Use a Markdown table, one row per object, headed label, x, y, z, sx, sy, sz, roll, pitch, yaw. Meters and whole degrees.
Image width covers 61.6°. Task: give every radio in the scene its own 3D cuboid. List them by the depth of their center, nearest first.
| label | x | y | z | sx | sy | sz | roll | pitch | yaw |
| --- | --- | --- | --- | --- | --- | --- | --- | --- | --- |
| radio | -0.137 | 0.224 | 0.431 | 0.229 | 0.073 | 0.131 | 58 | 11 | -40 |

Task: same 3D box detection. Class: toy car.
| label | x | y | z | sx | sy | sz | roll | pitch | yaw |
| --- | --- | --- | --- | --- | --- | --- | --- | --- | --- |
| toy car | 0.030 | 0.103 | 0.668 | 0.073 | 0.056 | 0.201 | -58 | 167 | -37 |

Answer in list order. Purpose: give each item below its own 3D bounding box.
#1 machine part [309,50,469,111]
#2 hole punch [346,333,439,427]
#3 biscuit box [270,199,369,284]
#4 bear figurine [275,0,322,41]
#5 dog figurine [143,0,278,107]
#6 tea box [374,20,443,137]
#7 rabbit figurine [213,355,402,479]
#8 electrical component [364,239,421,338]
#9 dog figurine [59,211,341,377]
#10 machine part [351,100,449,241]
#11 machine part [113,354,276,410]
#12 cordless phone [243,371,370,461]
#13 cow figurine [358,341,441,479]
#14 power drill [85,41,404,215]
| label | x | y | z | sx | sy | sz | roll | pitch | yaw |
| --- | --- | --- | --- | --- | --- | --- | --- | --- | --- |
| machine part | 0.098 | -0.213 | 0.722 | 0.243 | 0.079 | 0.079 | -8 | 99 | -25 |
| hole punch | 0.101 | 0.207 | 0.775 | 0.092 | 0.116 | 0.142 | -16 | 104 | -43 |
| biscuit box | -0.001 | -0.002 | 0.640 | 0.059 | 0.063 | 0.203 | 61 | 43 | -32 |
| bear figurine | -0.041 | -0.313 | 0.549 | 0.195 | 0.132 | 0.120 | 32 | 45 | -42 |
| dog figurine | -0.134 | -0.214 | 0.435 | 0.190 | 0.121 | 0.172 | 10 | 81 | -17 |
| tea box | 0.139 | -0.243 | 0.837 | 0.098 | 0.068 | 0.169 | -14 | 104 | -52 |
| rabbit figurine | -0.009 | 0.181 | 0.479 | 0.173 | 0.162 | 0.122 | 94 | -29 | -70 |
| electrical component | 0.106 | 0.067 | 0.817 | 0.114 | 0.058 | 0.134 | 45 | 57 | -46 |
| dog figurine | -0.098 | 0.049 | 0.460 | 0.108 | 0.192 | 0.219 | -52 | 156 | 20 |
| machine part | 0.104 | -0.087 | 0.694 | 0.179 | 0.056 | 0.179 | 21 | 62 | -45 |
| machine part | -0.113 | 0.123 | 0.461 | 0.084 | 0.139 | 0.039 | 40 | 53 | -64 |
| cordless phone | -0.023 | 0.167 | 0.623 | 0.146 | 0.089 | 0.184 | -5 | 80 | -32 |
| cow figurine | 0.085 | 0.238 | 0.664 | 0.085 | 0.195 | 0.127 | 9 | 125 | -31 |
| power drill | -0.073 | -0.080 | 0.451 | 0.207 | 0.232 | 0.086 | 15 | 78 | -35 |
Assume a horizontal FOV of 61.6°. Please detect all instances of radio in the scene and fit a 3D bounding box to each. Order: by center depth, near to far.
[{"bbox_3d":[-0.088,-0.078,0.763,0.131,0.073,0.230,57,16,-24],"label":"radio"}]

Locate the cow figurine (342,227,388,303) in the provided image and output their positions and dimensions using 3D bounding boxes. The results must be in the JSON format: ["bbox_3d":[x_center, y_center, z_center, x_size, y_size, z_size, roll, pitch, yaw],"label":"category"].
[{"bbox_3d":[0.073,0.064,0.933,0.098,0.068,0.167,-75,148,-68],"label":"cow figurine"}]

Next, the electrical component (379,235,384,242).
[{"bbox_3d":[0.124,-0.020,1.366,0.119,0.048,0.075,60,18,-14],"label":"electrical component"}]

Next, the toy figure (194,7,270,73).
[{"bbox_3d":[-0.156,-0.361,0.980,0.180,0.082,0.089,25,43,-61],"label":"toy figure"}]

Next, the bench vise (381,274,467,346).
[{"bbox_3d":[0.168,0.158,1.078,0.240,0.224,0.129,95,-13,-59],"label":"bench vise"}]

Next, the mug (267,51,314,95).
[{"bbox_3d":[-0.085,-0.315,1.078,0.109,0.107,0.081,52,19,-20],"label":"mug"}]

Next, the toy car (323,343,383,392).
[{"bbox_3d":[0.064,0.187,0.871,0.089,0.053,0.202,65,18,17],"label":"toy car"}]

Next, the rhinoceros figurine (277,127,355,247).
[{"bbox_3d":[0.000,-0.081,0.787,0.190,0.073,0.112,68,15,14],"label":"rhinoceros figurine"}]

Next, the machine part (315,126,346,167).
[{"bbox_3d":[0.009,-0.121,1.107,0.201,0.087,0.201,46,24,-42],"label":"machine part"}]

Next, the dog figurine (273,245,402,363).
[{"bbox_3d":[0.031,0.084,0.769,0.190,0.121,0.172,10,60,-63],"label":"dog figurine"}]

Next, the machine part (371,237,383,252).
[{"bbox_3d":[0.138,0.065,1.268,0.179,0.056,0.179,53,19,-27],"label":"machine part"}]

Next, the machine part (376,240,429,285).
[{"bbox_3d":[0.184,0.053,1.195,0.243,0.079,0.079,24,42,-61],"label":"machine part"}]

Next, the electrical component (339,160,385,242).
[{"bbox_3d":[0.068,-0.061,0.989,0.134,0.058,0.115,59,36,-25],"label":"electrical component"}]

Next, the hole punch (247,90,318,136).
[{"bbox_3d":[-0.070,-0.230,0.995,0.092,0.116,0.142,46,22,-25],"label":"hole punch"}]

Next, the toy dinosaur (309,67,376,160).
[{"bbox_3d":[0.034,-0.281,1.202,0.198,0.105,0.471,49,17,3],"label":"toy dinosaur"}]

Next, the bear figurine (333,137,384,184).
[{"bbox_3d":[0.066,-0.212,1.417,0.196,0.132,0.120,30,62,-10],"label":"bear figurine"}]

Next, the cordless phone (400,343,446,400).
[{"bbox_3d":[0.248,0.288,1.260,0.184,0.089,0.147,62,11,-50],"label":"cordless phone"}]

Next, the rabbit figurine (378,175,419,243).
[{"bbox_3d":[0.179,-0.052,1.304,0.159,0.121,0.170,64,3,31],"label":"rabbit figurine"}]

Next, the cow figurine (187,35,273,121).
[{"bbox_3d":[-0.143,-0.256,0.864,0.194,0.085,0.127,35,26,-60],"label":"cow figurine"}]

==

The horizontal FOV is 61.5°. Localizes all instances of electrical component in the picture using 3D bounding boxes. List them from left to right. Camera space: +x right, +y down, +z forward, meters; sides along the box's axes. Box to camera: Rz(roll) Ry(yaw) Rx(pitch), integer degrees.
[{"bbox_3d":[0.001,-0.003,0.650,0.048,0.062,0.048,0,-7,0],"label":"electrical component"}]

* [Exercise description]:
Retype, in the same exact form, the lines of the material above from the line holding "#6 tea box [374,20,443,137]" through the line holding "#13 cow figurine [358,341,441,479]".

* [Your response]:
#6 tea box [374,20,443,137]
#7 rabbit figurine [213,355,402,479]
#8 electrical component [364,239,421,338]
#9 dog figurine [59,211,341,377]
#10 machine part [351,100,449,241]
#11 machine part [113,354,276,410]
#12 cordless phone [243,371,370,461]
#13 cow figurine [358,341,441,479]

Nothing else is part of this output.